Speranza frena gli 'aperturisti': "Prudenza"

“Bisogna cominciare ad aver di nuovo il ‘gusto del futuro'” e “ridare speranza al Paese, pensando a programmare e alle riaperture”, parola di Mario Draghi. Il premier partecipa al tavolo con i governatori ed è consapevole che “soltanto attraverso un sincero rapporto di collaborazione tra Stato e Regioni si riuscirà a vincere questa battaglia” contro il Covid. L’Italia si appresta a vivere un’altra Pasqua in zona rossa, e mentre si osserva con speranza una curva dei contagi in discesa (oggi sono 12.916) aumenta con preoccupazione la pressione sugli ospedali e la soglia di allerta delle terapie intensive, superata in molti territori della penisola. L’Italia continua a piangere, infine, troppi morti. Parlare di riaperture, tuttavia non è un tabù, nemmeno per Draghi, che rinnova la necessità di uscire da questa “situazione di inattività”.

Non è però questo il momento, ribadisce il ministro per gli Affari Regionali Mariastella Gelmini, che prende tempo rimandando a un tagliando delle misure tra il 15 e 20 aprile. Fino ad allora, spiega “ci vorrà ancora molta attenzione, ma poi se i numeri migliorano all’interno del dl servirebbe un automatismo per prevedere aperture mirate senza il bisogno di approvare un nuovo provvedimento”. E’ questa la linea di demarcazione tra le due anime della maggioranza, una più rigorista e una più aperturista. Certificare in Cdm il timing della ripresa delle attività. L’ipotesi avanzata dai due soci di centrodestra è inserire un nuovo parametro per l’ingresso in zona gialla o una soglia sotto la quale le regioni possano tingersi di giallo e riportare alla vita bar e ristoranti, ma anche riaprire le scuole fino alla terza media oltre ai teatri e ai cinema. La proposta, però, non piace al titolare della Salute, Roberto Speranza, che frena, richiamando alla “prudenza”. “Sono i numeri dei decessi, del contagio e delle terapie intensive a imporci attenzione – rilancia nel corso dell’incontro – Con 3.721 posti letto in terapia intensiva occupati non possiamo fare un passo troppo lungo. Le prossime settimane saranno decisive per le vaccinazioni e potremo cosi’ programmare l’estate e la graduale uscita dalle restrizioni sulla base delle evidenze scientifiche e dei dati del monitoraggio che sono e restano la nostra bussola”. Insomma se per il centrodestra già a fine aprile si potrebbe rialzare qualche serranda, per il più rigorista dei ministri, una qualsiasi programmazione può essere pensata non prima di questa estate. E’ sulle riaperture che continua a consumarsi lo scontro, con le componenti dell’esecutivo che vanno a due diverse velocità. Intanto l’impianto del decreto non dovrebbe cambiare nella sostanza, mantenendo per il momento la divisione in due fasce di rischio, con l’arancione, in cui si conferma la Dad al 50 per cento per le scuole superiori, e la rossa con parrucchieri e barbieri chiusi.
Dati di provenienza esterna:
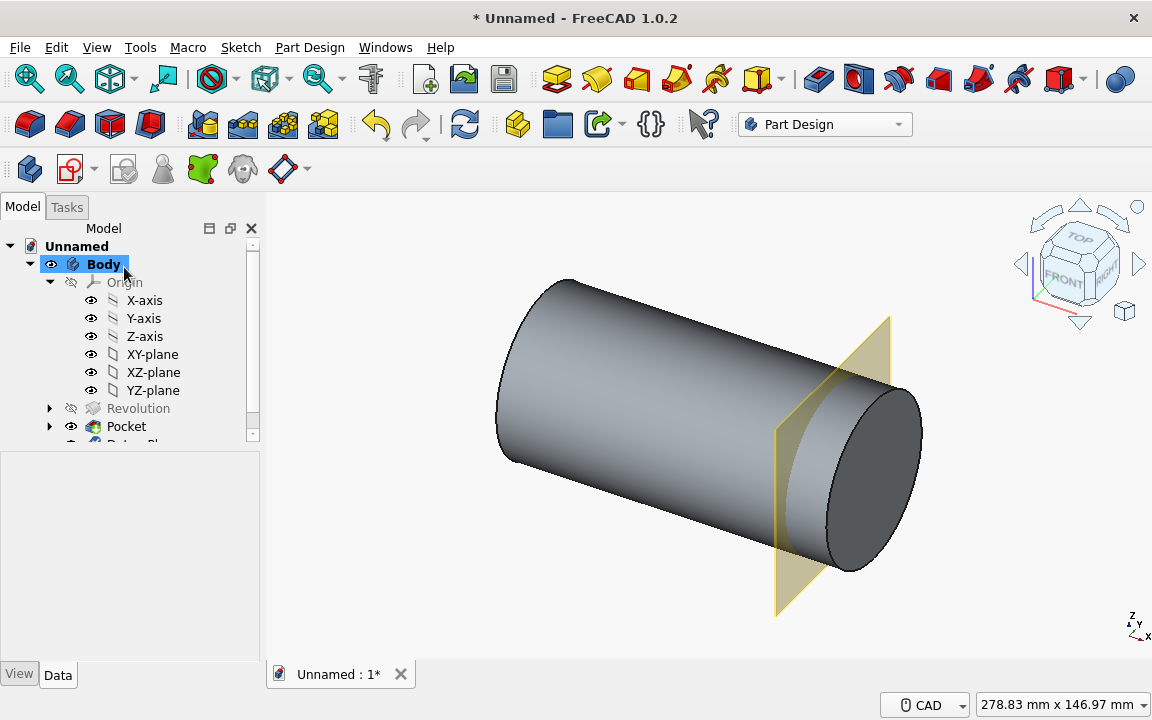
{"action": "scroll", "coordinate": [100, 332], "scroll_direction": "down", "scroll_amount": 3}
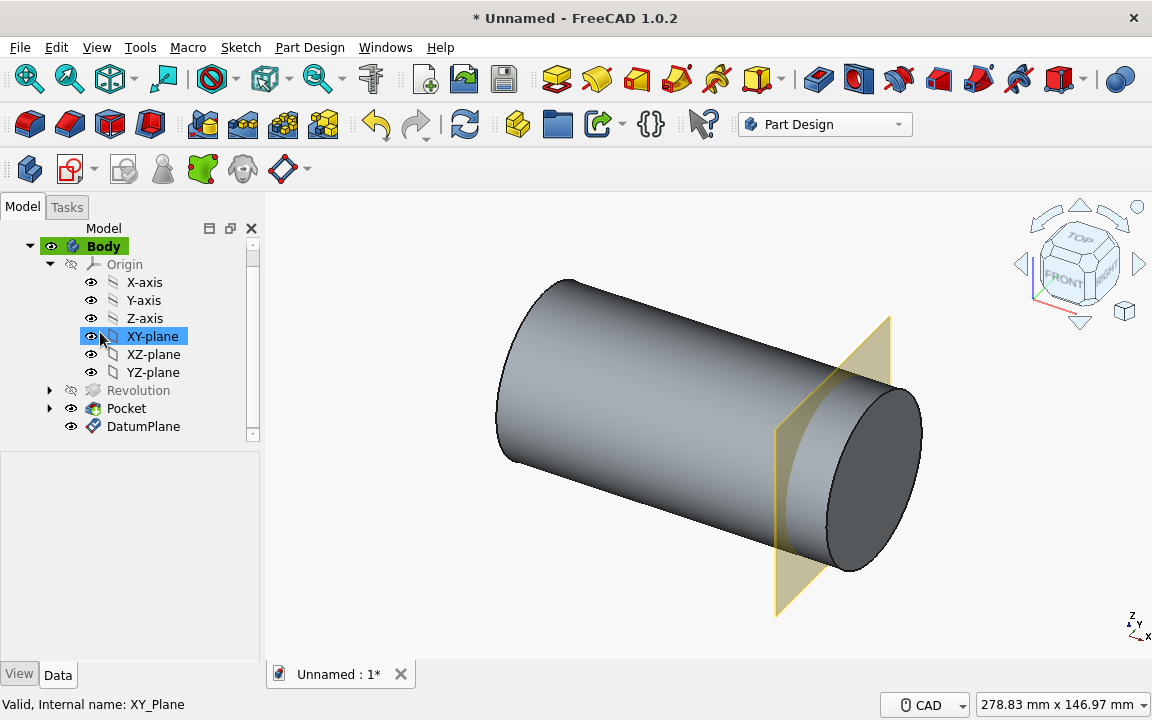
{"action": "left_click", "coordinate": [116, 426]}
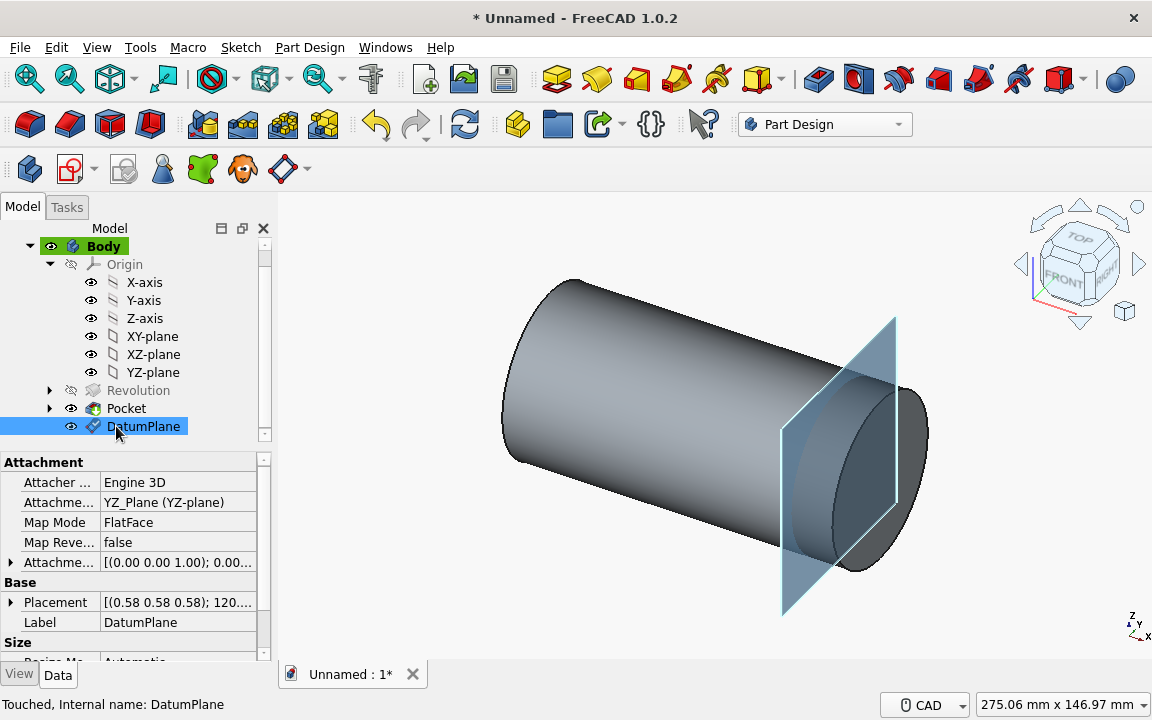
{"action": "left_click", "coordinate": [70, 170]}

Sul fronte vaccini invece è stata sotterrata l’ascia di guerra. Il chiarimento era arrivato già nei giorni scorsi e nella riunione di oggi Draghi assicura che “gli obiettivi prefissati per aprile e maggio, in riferimento alle forniture di vaccini e al numero delle vaccinazioni, pari al mezzo milione di vaccinati al giorno, non sembrano più così lontani”. La campagna migliora di giorno in giorno e rapidamente, è la constatazione, e con il rifornimento assicurato dalla Commissione Ue “le dosi dovrebbero essere più che sufficienti per raggiungere l’immunità per il mese di luglio in tutta l’Europa”. Una distensione certificata anche da Giovanni Toti, “andiamo avanti con una grande unità di intenti”, e da Bonaccini che conferma “l’impegno comune col Governo per campagna vaccinale, per poi ridare presto fiducia al Paese”.